The “pay as you fly” model made news in recent months when the German state of Lower Saxony issued a call for airlines to make it the dominant model, abolishing advance payment on flight bookings. The German Business Travel Association has been pushing the model as well, and Lufthansa last year launched such a program for corporate customers on some flights within Europe. But could this become a more widely used model in the global airline industry?
Jennifer Watkins: Lufthansa was the first one to do it and is still doing it in some markets. Alaska Airlines does something similar, but it’s more like a subscription model where you can sign up and get access to certain flights at a set rate that is set at the beginning of the year, and it’s in specific markets. The big challenge always is, how does an airline manage their inventory in that environment? Corporates kind of have the same flexibility when they buy nonrefundable tickets. You don’t have anything to lose, basically, with a nonrefundable ticket, although with the refundable ticket situation, there’s a lot of refunding back and forth, which adds noise into the ecosystem that maybe people would like to get rid of.
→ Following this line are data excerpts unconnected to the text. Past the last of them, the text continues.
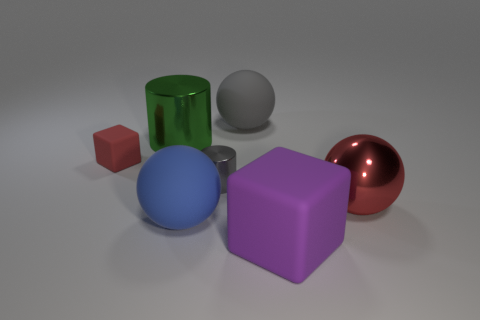Subtract all big red shiny spheres. How many spheres are left? 2 Add 3 brown balls. How many objects exist? 10 Subtract all balls. How many objects are left? 4 Subtract 2 cylinders. How many cylinders are left? 0 Subtract all gray balls. How many balls are left? 2 Subtract 0 cyan balls. How many objects are left? 7 Subtract all green balls. Subtract all gray blocks. How many balls are left? 3 Subtract all big shiny cylinders. Subtract all big rubber cubes. How many objects are left? 5 Add 2 big blue rubber objects. How many big blue rubber objects are left? 3 Add 2 small rubber things. How many small rubber things exist? 3 
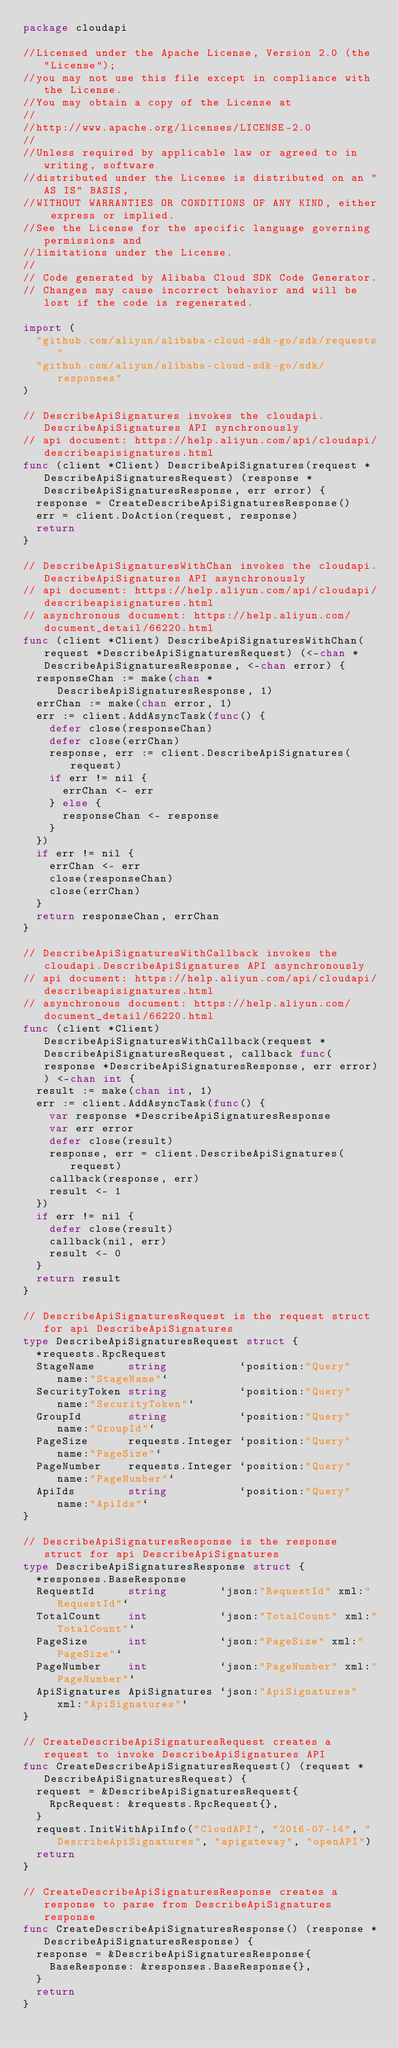<code> <loc_0><loc_0><loc_500><loc_500><_Go_>package cloudapi

//Licensed under the Apache License, Version 2.0 (the "License");
//you may not use this file except in compliance with the License.
//You may obtain a copy of the License at
//
//http://www.apache.org/licenses/LICENSE-2.0
//
//Unless required by applicable law or agreed to in writing, software
//distributed under the License is distributed on an "AS IS" BASIS,
//WITHOUT WARRANTIES OR CONDITIONS OF ANY KIND, either express or implied.
//See the License for the specific language governing permissions and
//limitations under the License.
//
// Code generated by Alibaba Cloud SDK Code Generator.
// Changes may cause incorrect behavior and will be lost if the code is regenerated.

import (
	"github.com/aliyun/alibaba-cloud-sdk-go/sdk/requests"
	"github.com/aliyun/alibaba-cloud-sdk-go/sdk/responses"
)

// DescribeApiSignatures invokes the cloudapi.DescribeApiSignatures API synchronously
// api document: https://help.aliyun.com/api/cloudapi/describeapisignatures.html
func (client *Client) DescribeApiSignatures(request *DescribeApiSignaturesRequest) (response *DescribeApiSignaturesResponse, err error) {
	response = CreateDescribeApiSignaturesResponse()
	err = client.DoAction(request, response)
	return
}

// DescribeApiSignaturesWithChan invokes the cloudapi.DescribeApiSignatures API asynchronously
// api document: https://help.aliyun.com/api/cloudapi/describeapisignatures.html
// asynchronous document: https://help.aliyun.com/document_detail/66220.html
func (client *Client) DescribeApiSignaturesWithChan(request *DescribeApiSignaturesRequest) (<-chan *DescribeApiSignaturesResponse, <-chan error) {
	responseChan := make(chan *DescribeApiSignaturesResponse, 1)
	errChan := make(chan error, 1)
	err := client.AddAsyncTask(func() {
		defer close(responseChan)
		defer close(errChan)
		response, err := client.DescribeApiSignatures(request)
		if err != nil {
			errChan <- err
		} else {
			responseChan <- response
		}
	})
	if err != nil {
		errChan <- err
		close(responseChan)
		close(errChan)
	}
	return responseChan, errChan
}

// DescribeApiSignaturesWithCallback invokes the cloudapi.DescribeApiSignatures API asynchronously
// api document: https://help.aliyun.com/api/cloudapi/describeapisignatures.html
// asynchronous document: https://help.aliyun.com/document_detail/66220.html
func (client *Client) DescribeApiSignaturesWithCallback(request *DescribeApiSignaturesRequest, callback func(response *DescribeApiSignaturesResponse, err error)) <-chan int {
	result := make(chan int, 1)
	err := client.AddAsyncTask(func() {
		var response *DescribeApiSignaturesResponse
		var err error
		defer close(result)
		response, err = client.DescribeApiSignatures(request)
		callback(response, err)
		result <- 1
	})
	if err != nil {
		defer close(result)
		callback(nil, err)
		result <- 0
	}
	return result
}

// DescribeApiSignaturesRequest is the request struct for api DescribeApiSignatures
type DescribeApiSignaturesRequest struct {
	*requests.RpcRequest
	StageName     string           `position:"Query" name:"StageName"`
	SecurityToken string           `position:"Query" name:"SecurityToken"`
	GroupId       string           `position:"Query" name:"GroupId"`
	PageSize      requests.Integer `position:"Query" name:"PageSize"`
	PageNumber    requests.Integer `position:"Query" name:"PageNumber"`
	ApiIds        string           `position:"Query" name:"ApiIds"`
}

// DescribeApiSignaturesResponse is the response struct for api DescribeApiSignatures
type DescribeApiSignaturesResponse struct {
	*responses.BaseResponse
	RequestId     string        `json:"RequestId" xml:"RequestId"`
	TotalCount    int           `json:"TotalCount" xml:"TotalCount"`
	PageSize      int           `json:"PageSize" xml:"PageSize"`
	PageNumber    int           `json:"PageNumber" xml:"PageNumber"`
	ApiSignatures ApiSignatures `json:"ApiSignatures" xml:"ApiSignatures"`
}

// CreateDescribeApiSignaturesRequest creates a request to invoke DescribeApiSignatures API
func CreateDescribeApiSignaturesRequest() (request *DescribeApiSignaturesRequest) {
	request = &DescribeApiSignaturesRequest{
		RpcRequest: &requests.RpcRequest{},
	}
	request.InitWithApiInfo("CloudAPI", "2016-07-14", "DescribeApiSignatures", "apigateway", "openAPI")
	return
}

// CreateDescribeApiSignaturesResponse creates a response to parse from DescribeApiSignatures response
func CreateDescribeApiSignaturesResponse() (response *DescribeApiSignaturesResponse) {
	response = &DescribeApiSignaturesResponse{
		BaseResponse: &responses.BaseResponse{},
	}
	return
}
</code>

Michael Duffy: It is a different way of looking at it. When I think about any time I’m buying goods or services, it is different when you pay and when you consume the service. A hotel, you pay after. You pay prior with air. Restaurants, you would pay after you’ve eaten. A concert you pay ahead of time. So, there is some variation. Lufthansa is certainly on the forefront. From a corporate travel point of view, would this possibly eliminate unused tickets, because if you’re boarding the plane, there’s no unused tickets? You’re paying as you’re consuming it, so it sounds really good. Would this eliminate fraud as well, because if payment is only supplied as the traveler flies, could fraud even be possible? So, from a corporate point of view, it sounds quite attractive. From the airline side, is it good for them? Think of their costs, when they’re putting up prices for airfare, they have a lot of future contracts for fuel, so I would expect buying a ticket now would align to purchasing a future contract and mitigating risk and volatility. If it’s pay-as-you-fly, I guess the airline would be taking on the risk of the volatility. I’m not sure where things will end up, but it’s quite interesting, and it might have some potential.
Ralph Kaiser: It’s a little bit of a headscratcher. The way the industry works today, the reason you have nonrefundable airfare is because you need a certain amount of base revenue every day, every week, every month to keep everything going, because there are a lot of mouths to feed in the airline industry. I could be sitting here and say, “Hey, I’d like to go to Hawaii for Christmas.” So, I’m going to book a flight and reserve my seat for the Dec. 22 to fly to Honolulu. Then, on the 20th, I decide not to go to Hawaii, so I cancel. If everyone did that, all this inventory opens up, and maybe consumers like flying on empty planes, but airlines don’t like it. How do you control that aspect of it? Corporate is a little different. Our book-to-fly time is on average 17 days for UATP corporate charge card, so that’s easier to manage. But maybe there’s a conference they want me to go to, so I book it 10 days out, but the morning of, I have too many things to do, so I can’t go. So, you drop the flight, and maybe it’s a business-class ticket, and there’s no way the airline is ever going to recapture that revenue. So, how do you do it?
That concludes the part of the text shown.